▶ _What to do_:
After reading the lines below, count those that contain "track" and give the count alone.

== == ==

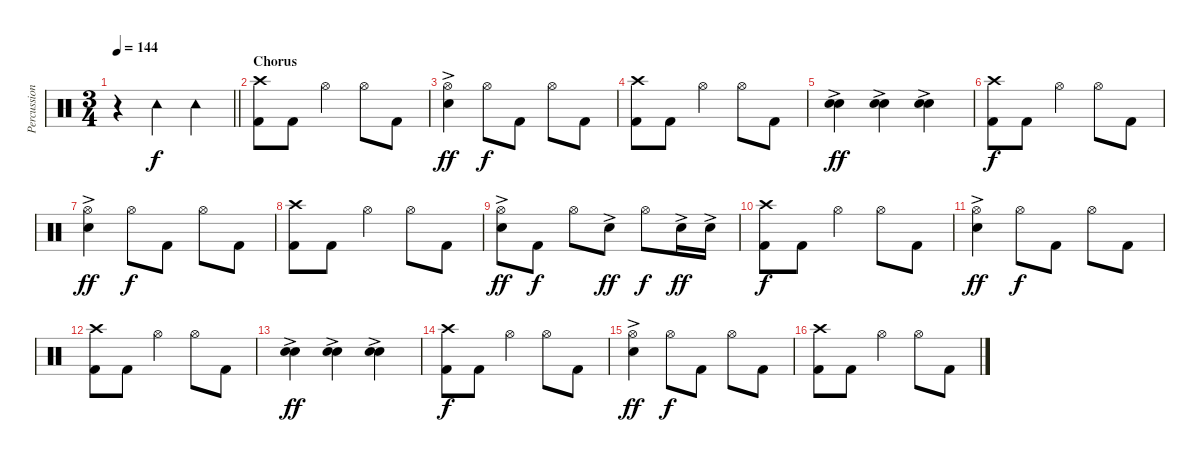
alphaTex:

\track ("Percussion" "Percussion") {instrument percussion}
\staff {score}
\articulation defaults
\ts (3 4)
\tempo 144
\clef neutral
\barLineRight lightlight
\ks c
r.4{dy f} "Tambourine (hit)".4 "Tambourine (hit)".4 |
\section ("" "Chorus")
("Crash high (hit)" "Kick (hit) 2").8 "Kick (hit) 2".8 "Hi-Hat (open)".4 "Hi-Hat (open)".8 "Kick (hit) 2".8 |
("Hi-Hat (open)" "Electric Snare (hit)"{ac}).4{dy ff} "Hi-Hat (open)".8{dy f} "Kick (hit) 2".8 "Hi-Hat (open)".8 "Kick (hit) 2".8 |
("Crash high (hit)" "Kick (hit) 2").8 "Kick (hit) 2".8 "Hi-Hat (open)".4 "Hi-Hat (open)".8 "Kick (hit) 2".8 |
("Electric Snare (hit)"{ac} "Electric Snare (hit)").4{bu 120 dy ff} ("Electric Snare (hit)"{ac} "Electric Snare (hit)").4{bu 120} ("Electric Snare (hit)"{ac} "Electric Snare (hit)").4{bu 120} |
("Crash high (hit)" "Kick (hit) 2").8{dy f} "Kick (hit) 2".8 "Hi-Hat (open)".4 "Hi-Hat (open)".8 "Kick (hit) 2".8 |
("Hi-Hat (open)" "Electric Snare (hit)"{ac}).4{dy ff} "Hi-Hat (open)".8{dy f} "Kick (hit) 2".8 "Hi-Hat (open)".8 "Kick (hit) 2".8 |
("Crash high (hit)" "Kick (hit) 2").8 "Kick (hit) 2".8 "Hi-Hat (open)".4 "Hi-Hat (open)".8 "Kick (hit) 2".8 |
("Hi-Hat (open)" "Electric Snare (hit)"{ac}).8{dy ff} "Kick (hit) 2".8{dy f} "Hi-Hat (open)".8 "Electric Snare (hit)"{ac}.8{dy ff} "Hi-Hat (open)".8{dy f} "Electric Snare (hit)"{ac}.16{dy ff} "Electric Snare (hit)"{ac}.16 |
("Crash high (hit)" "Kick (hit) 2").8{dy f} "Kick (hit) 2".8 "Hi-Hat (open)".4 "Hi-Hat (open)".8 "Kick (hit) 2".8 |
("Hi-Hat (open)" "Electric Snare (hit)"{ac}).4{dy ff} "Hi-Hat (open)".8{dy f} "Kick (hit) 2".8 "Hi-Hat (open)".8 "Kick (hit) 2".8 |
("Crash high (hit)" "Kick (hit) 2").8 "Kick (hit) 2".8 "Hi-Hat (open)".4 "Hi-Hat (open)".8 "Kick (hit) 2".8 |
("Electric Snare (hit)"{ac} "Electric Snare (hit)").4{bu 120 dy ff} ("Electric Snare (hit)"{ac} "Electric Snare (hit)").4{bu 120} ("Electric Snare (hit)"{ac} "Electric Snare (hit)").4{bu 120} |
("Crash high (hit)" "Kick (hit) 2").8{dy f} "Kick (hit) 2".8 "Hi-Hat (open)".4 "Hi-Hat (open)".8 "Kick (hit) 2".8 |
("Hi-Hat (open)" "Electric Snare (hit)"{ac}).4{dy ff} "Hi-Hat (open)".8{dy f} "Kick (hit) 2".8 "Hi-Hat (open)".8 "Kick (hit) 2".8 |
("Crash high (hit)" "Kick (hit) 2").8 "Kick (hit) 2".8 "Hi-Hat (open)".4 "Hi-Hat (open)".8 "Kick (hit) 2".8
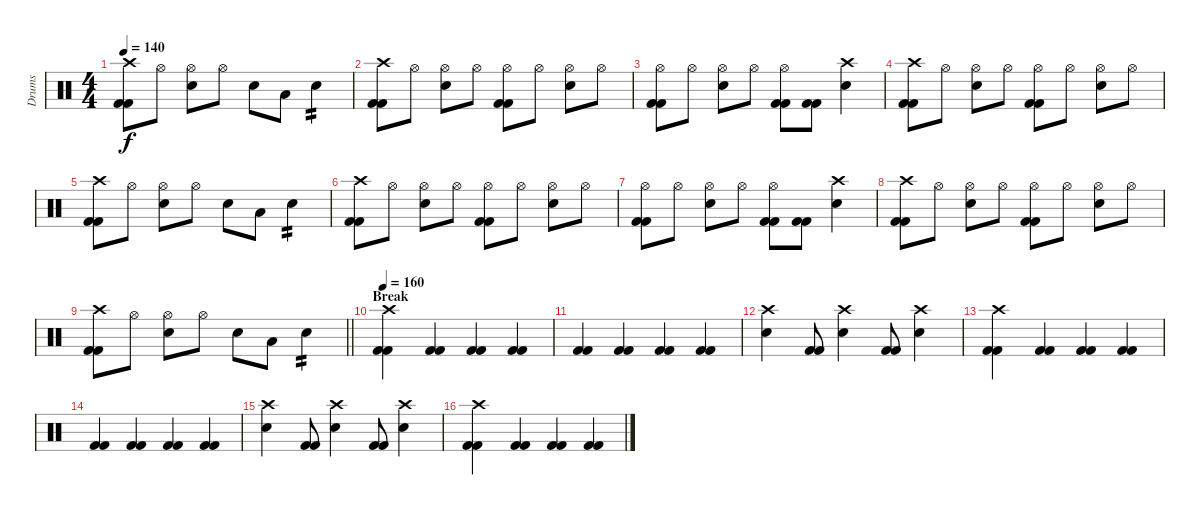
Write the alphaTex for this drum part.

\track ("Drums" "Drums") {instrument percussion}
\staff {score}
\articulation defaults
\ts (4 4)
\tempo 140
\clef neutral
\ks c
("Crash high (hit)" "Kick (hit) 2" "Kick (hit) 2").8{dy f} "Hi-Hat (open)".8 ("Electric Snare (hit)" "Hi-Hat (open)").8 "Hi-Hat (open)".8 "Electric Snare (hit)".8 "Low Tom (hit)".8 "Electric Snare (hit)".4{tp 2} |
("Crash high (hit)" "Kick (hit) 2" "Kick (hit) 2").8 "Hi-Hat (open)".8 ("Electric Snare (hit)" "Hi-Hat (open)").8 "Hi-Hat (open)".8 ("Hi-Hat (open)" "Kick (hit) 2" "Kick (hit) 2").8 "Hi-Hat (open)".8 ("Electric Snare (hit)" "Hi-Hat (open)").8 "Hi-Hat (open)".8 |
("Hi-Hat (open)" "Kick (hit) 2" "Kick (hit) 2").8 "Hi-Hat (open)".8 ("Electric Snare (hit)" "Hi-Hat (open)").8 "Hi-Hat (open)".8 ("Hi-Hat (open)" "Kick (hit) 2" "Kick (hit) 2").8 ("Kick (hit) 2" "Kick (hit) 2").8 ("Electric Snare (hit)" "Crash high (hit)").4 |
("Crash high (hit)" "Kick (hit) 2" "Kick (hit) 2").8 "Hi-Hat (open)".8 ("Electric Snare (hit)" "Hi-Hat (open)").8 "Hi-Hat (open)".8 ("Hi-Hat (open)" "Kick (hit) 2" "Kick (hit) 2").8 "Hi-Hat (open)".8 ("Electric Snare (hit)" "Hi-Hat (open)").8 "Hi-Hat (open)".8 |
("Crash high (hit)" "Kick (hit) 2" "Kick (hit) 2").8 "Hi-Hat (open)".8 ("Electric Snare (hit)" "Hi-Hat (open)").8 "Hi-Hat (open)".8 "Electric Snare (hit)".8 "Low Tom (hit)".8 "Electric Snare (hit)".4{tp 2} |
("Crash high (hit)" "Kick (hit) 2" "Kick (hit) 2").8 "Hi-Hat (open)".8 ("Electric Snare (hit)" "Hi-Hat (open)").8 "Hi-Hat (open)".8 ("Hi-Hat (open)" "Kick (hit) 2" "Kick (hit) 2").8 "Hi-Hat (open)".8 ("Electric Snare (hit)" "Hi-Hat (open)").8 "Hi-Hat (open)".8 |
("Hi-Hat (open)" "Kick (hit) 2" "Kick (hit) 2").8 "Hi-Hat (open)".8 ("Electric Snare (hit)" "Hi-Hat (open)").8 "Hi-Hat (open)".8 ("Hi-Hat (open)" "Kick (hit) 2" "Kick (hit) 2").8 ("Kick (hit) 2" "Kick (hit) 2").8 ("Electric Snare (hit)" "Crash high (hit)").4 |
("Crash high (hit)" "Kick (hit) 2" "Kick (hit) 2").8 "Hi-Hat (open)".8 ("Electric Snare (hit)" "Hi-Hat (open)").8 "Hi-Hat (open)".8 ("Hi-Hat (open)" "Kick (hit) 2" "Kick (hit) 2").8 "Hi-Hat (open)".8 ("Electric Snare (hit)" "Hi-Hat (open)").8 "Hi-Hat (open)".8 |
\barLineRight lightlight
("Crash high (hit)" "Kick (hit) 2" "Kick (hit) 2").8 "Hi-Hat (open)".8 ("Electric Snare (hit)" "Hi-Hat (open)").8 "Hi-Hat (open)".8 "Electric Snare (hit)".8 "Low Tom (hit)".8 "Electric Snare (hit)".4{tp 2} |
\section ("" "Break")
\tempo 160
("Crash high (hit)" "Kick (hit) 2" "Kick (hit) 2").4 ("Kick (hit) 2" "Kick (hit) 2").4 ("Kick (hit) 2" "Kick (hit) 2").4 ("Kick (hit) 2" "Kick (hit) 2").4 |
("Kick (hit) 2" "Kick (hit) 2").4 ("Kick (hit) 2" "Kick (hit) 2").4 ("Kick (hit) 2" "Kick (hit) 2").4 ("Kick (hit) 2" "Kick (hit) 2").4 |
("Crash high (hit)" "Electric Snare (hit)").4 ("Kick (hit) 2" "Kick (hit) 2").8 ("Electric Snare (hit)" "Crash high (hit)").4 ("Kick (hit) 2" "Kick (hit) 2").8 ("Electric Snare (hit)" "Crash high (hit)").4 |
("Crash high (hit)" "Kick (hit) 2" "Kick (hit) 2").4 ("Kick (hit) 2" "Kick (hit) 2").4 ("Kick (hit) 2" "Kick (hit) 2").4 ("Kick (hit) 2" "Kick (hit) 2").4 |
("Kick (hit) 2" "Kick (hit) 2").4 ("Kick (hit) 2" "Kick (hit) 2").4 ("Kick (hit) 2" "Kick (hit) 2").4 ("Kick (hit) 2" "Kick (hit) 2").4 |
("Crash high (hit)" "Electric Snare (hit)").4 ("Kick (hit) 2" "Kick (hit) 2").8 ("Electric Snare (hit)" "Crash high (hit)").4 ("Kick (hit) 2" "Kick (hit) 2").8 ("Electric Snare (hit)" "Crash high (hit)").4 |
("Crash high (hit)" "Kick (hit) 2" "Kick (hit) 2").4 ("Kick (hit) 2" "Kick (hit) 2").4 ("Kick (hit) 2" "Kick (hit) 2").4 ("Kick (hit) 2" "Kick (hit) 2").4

== == ==

▶ _Answer space_:
2